If I have a graph with 10^6 nodes and each node has 1000 relationships, searching for the shortest path up to 4 levels, must search for 1000*1000*1000*1000=10^12 nodes that is higher than total nodes. The reason is that some nodes are repeated during search. My question is that in neo4j shortestPath algorithm, this search takes time of touching 10^6 nodes or 10^12 nodes. In other words, does it mark up nodes that are already searched to not search them again?
Thanks
Upvotes: 1
Views: 276
Reputation: 30397
I don't believe that kind of pruning is used. In Cypher, the default uniqueness for traversals is RELATIONSHIP_PATH: within each path, a relationship must be unique, they can't be reused.
You might try using either the shortestPath proc in the Graph Algorithms project or one of APOC Procedures' path expander procs instead.
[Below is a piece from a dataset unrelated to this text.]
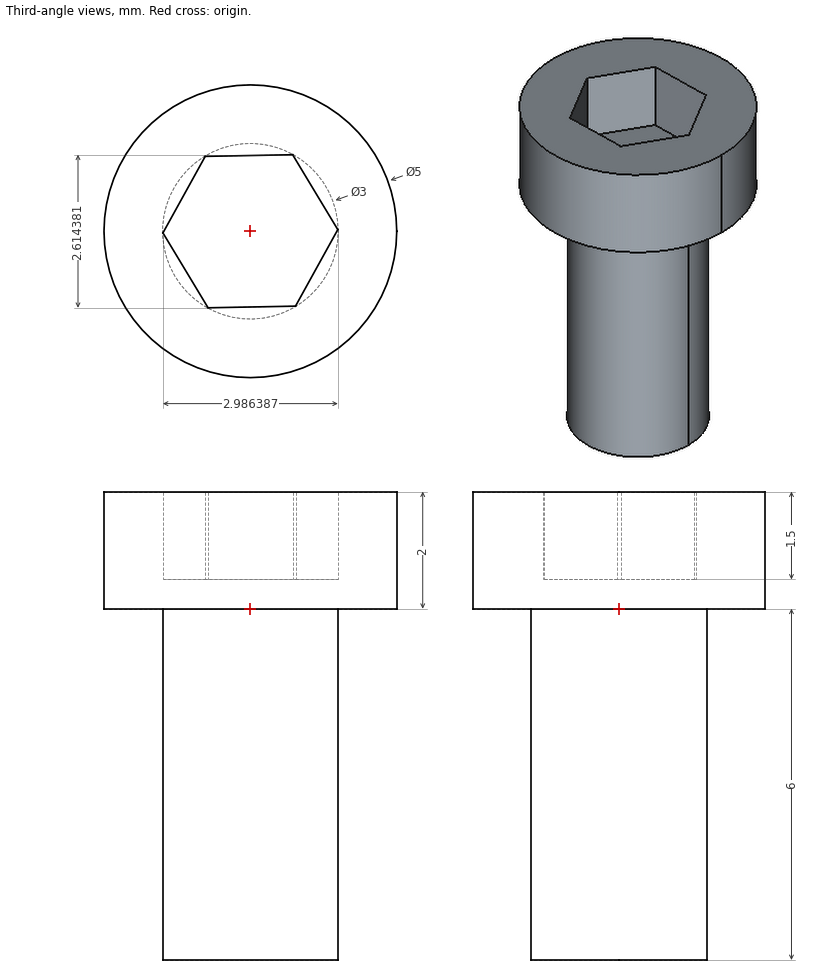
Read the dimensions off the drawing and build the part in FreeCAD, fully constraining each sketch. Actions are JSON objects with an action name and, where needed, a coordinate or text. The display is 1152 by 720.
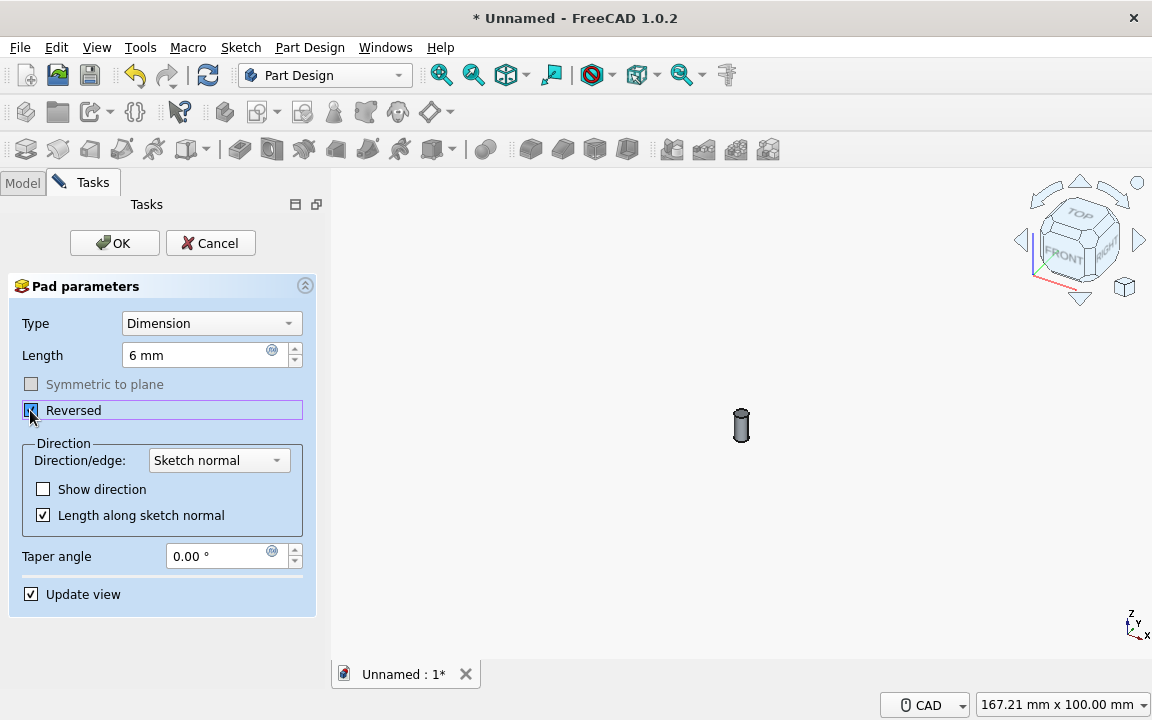
{"action": "left_click", "coordinate": [115, 243]}
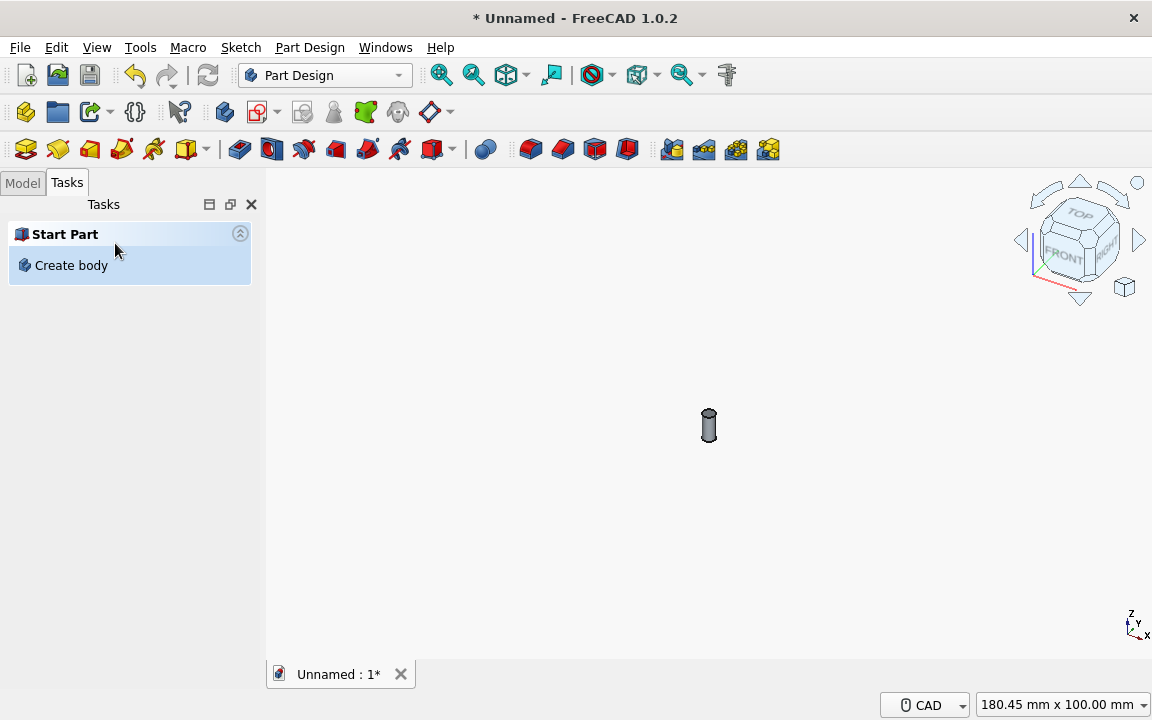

With APOC path expanders, you can either set the uniqueness yourself to NODE_GLOBAL (which prevents processing of the same nodes multiple times during all expansions), or use one of the procs that already does this under the hood (subgraphNodes()
, subgraphAll()
, or spanningTree()
).
The gotchas (at the moment) with APOC are that you can't currently supply the end nodes of the expansion (you'll have to expand out to nodes with certain defined labels and filter your results after with a WHERE clause), and expansions only go in one direction (from start node out) instead of bi-directional (such as from cypher's shortestPath()), so you won't realize any efficiency improvements that can happen from expanding from the other direction.
I currently have a PR on APOC to supply known end nodes of the expansion, so that should make it into the next APOC release (within the next week or so).
Upvotes: 1